Stored entries:
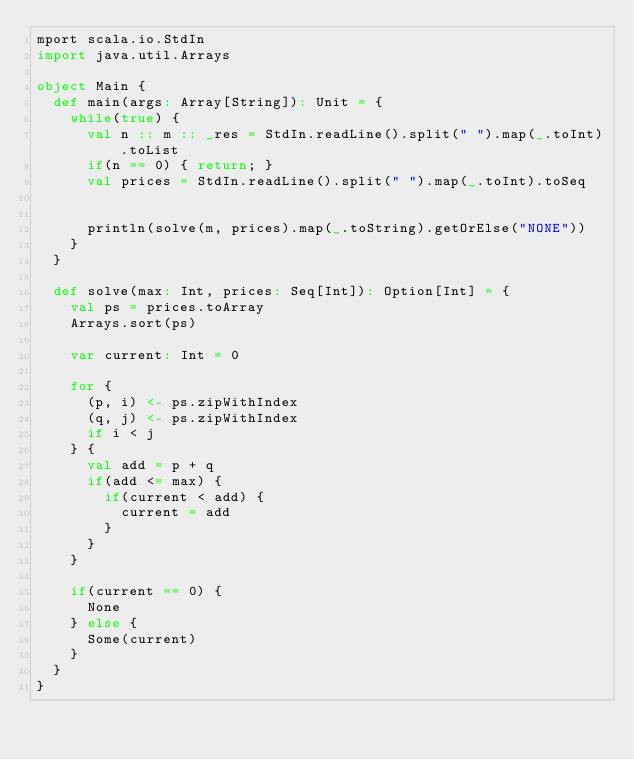<code> <loc_0><loc_0><loc_500><loc_500><_Scala_>mport scala.io.StdIn
import java.util.Arrays
 
object Main {
  def main(args: Array[String]): Unit = {
    while(true) {
      val n :: m :: _res = StdIn.readLine().split(" ").map(_.toInt).toList
      if(n == 0) { return; }
      val prices = StdIn.readLine().split(" ").map(_.toInt).toSeq
 
 
      println(solve(m, prices).map(_.toString).getOrElse("NONE"))
    }
  }
 
  def solve(max: Int, prices: Seq[Int]): Option[Int] = {
    val ps = prices.toArray
    Arrays.sort(ps)
 
    var current: Int = 0
 
    for {
      (p, i) <- ps.zipWithIndex
      (q, j) <- ps.zipWithIndex
      if i < j
    } {
      val add = p + q
      if(add <= max) {
        if(current < add) {
          current = add
        }
      }
    }
 
    if(current == 0) {
      None
    } else {
      Some(current)
    }
  }
}
</code> 
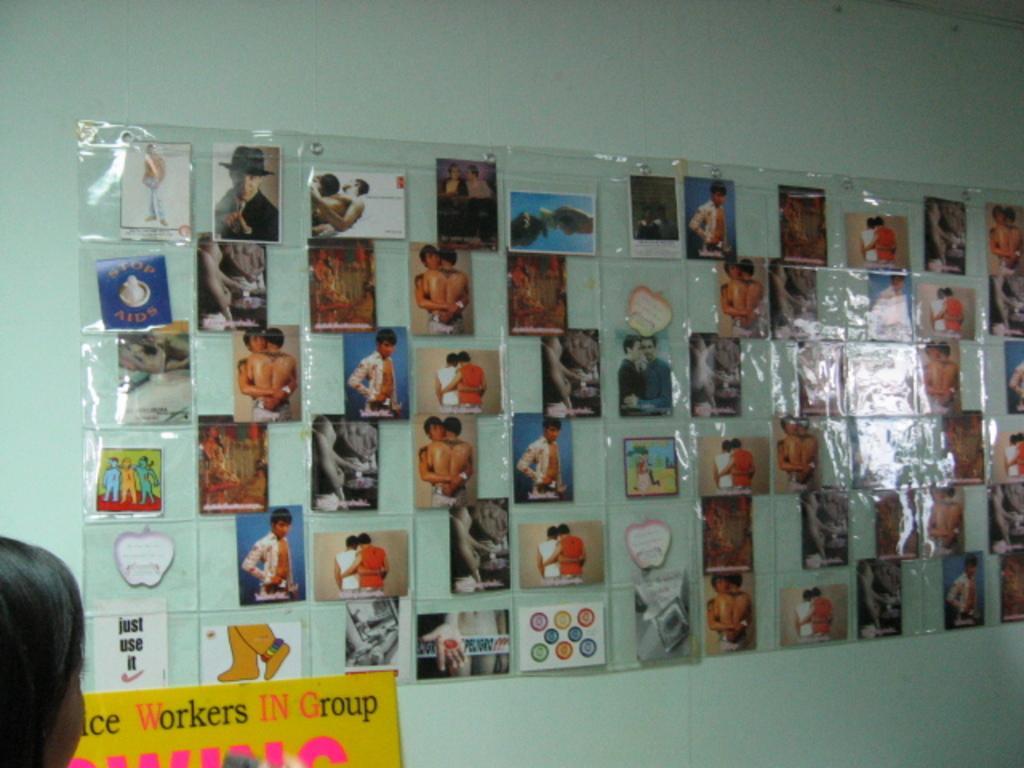In one or two sentences, can you explain what this image depicts? In this picture I can see number of photos laminated on the wall and on the left bottom corner of this picture I can see a person's head and I see something is written on a board. 
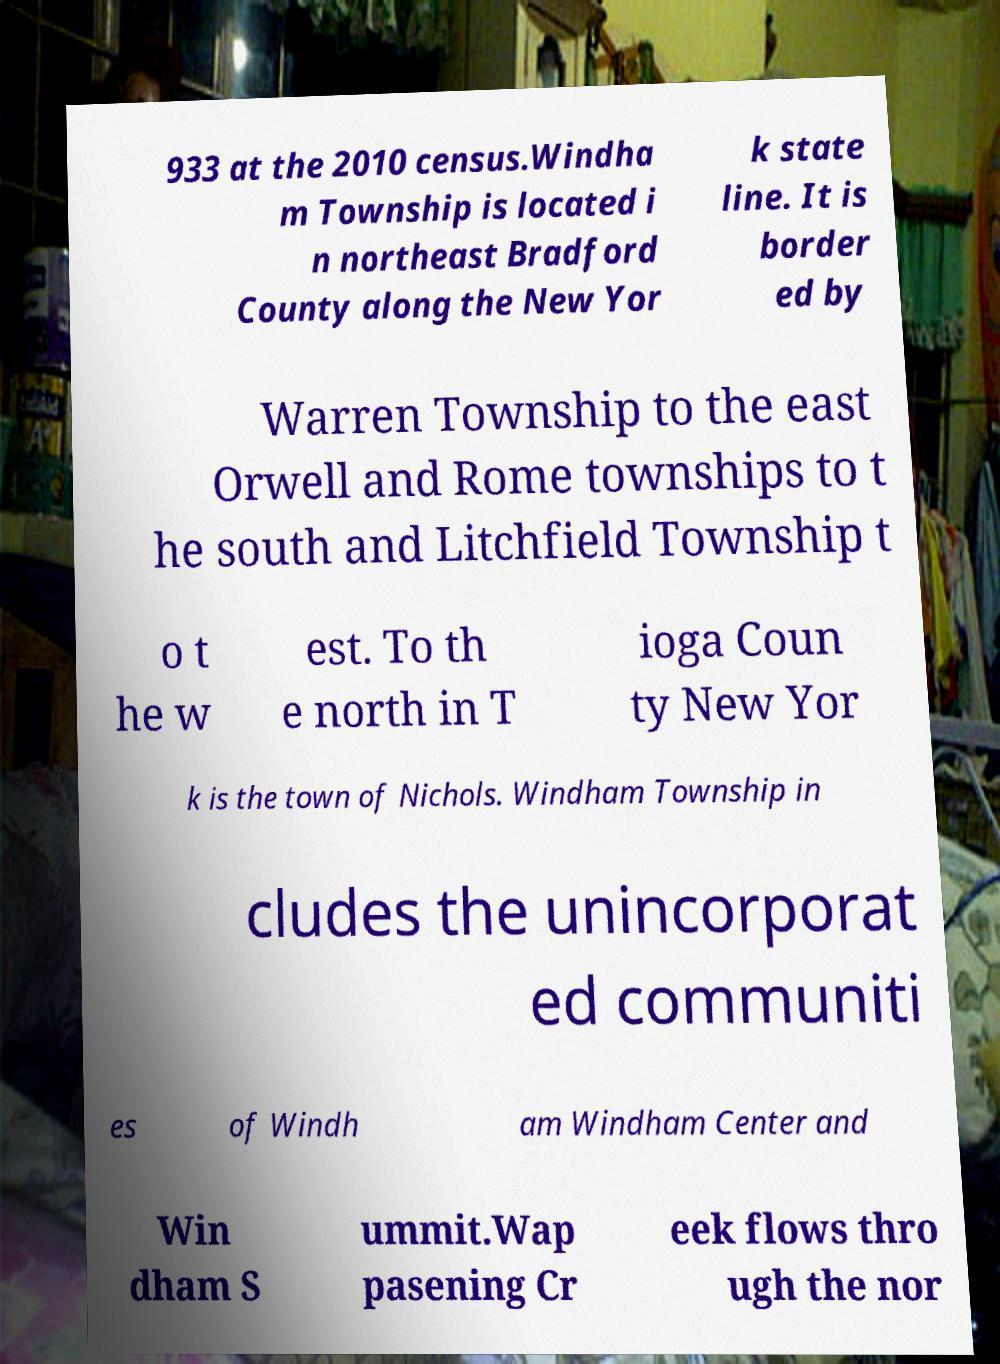Could you assist in decoding the text presented in this image and type it out clearly? 933 at the 2010 census.Windha m Township is located i n northeast Bradford County along the New Yor k state line. It is border ed by Warren Township to the east Orwell and Rome townships to t he south and Litchfield Township t o t he w est. To th e north in T ioga Coun ty New Yor k is the town of Nichols. Windham Township in cludes the unincorporat ed communiti es of Windh am Windham Center and Win dham S ummit.Wap pasening Cr eek flows thro ugh the nor 
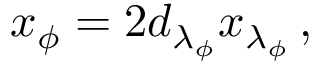<formula> <loc_0><loc_0><loc_500><loc_500>x _ { \phi } = 2 d _ { \lambda _ { \phi } } x _ { \lambda _ { \phi } } \, ,</formula> 
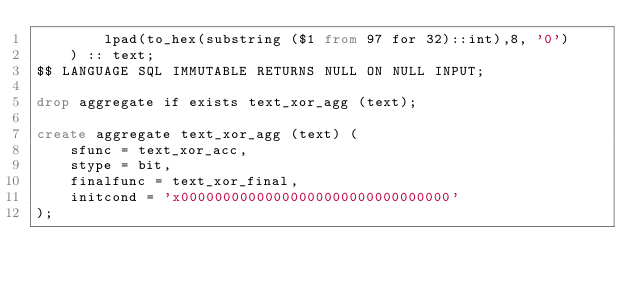Convert code to text. <code><loc_0><loc_0><loc_500><loc_500><_SQL_>        lpad(to_hex(substring ($1 from 97 for 32)::int),8, '0')
    ) :: text;
$$ LANGUAGE SQL IMMUTABLE RETURNS NULL ON NULL INPUT;

drop aggregate if exists text_xor_agg (text);

create aggregate text_xor_agg (text) (
    sfunc = text_xor_acc,
    stype = bit,
    finalfunc = text_xor_final,
    initcond = 'x00000000000000000000000000000000'
);
</code> 
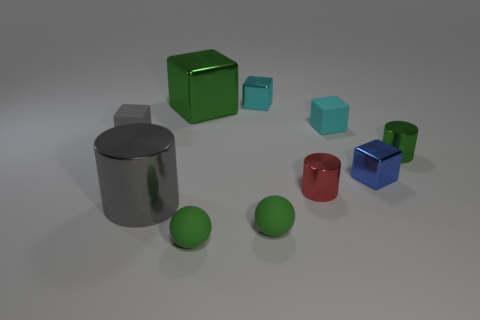Subtract all gray cubes. Subtract all red balls. How many cubes are left? 4 Subtract all spheres. How many objects are left? 8 Add 2 tiny gray objects. How many tiny gray objects are left? 3 Add 6 large metallic objects. How many large metallic objects exist? 8 Subtract 0 blue balls. How many objects are left? 10 Subtract all tiny gray things. Subtract all tiny green matte things. How many objects are left? 7 
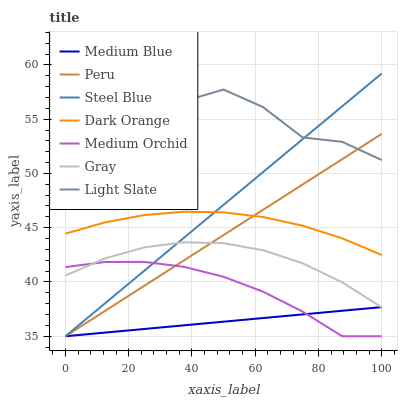Does Medium Blue have the minimum area under the curve?
Answer yes or no. Yes. Does Light Slate have the maximum area under the curve?
Answer yes or no. Yes. Does Gray have the minimum area under the curve?
Answer yes or no. No. Does Gray have the maximum area under the curve?
Answer yes or no. No. Is Peru the smoothest?
Answer yes or no. Yes. Is Light Slate the roughest?
Answer yes or no. Yes. Is Gray the smoothest?
Answer yes or no. No. Is Gray the roughest?
Answer yes or no. No. Does Medium Orchid have the lowest value?
Answer yes or no. Yes. Does Gray have the lowest value?
Answer yes or no. No. Does Light Slate have the highest value?
Answer yes or no. Yes. Does Gray have the highest value?
Answer yes or no. No. Is Dark Orange less than Light Slate?
Answer yes or no. Yes. Is Dark Orange greater than Gray?
Answer yes or no. Yes. Does Peru intersect Light Slate?
Answer yes or no. Yes. Is Peru less than Light Slate?
Answer yes or no. No. Is Peru greater than Light Slate?
Answer yes or no. No. Does Dark Orange intersect Light Slate?
Answer yes or no. No. 
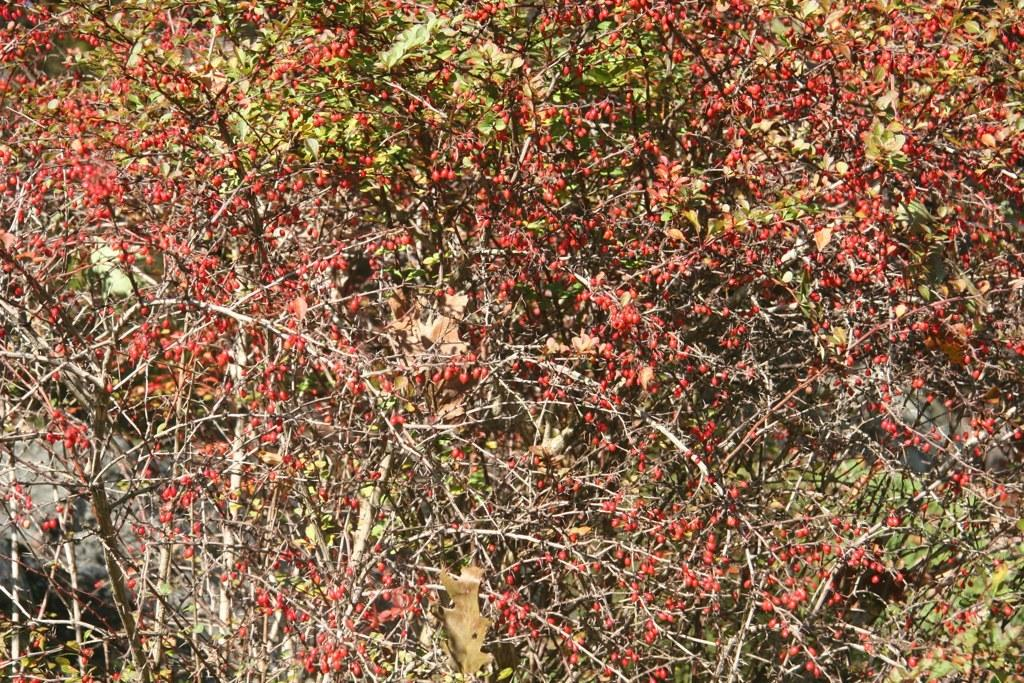What type of plant material can be seen in the image? There are leaves in the image. What else can be found among the leaves in the image? There are fruits in the image. What type of writing instrument is being used by the aunt during the protest in the image? There is no aunt, protest, or quill present in the image; it only features leaves and fruits. 
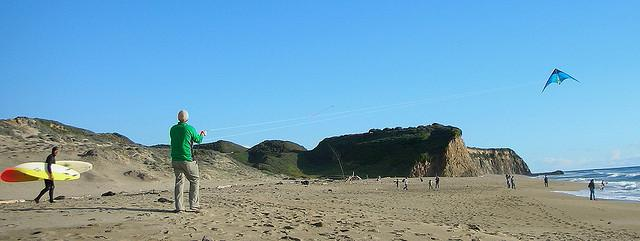What is the man carrying to the water? surfboards 
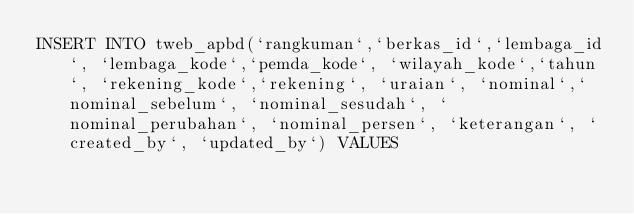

### Task to carry out:
Please transcribe only the lines in the records above running from the line that has "Answer yes or no. No. Does Gray" through the line that has "Answer yes or no. No. Is Gray the roughest?", both included, exactly as they appear.

### Written answer:
Answer yes or no. No. Does Gray have the maximum area under the curve?
Answer yes or no. No. Is Peru the smoothest?
Answer yes or no. Yes. Is Light Slate the roughest?
Answer yes or no. Yes. Is Gray the smoothest?
Answer yes or no. No. Is Gray the roughest?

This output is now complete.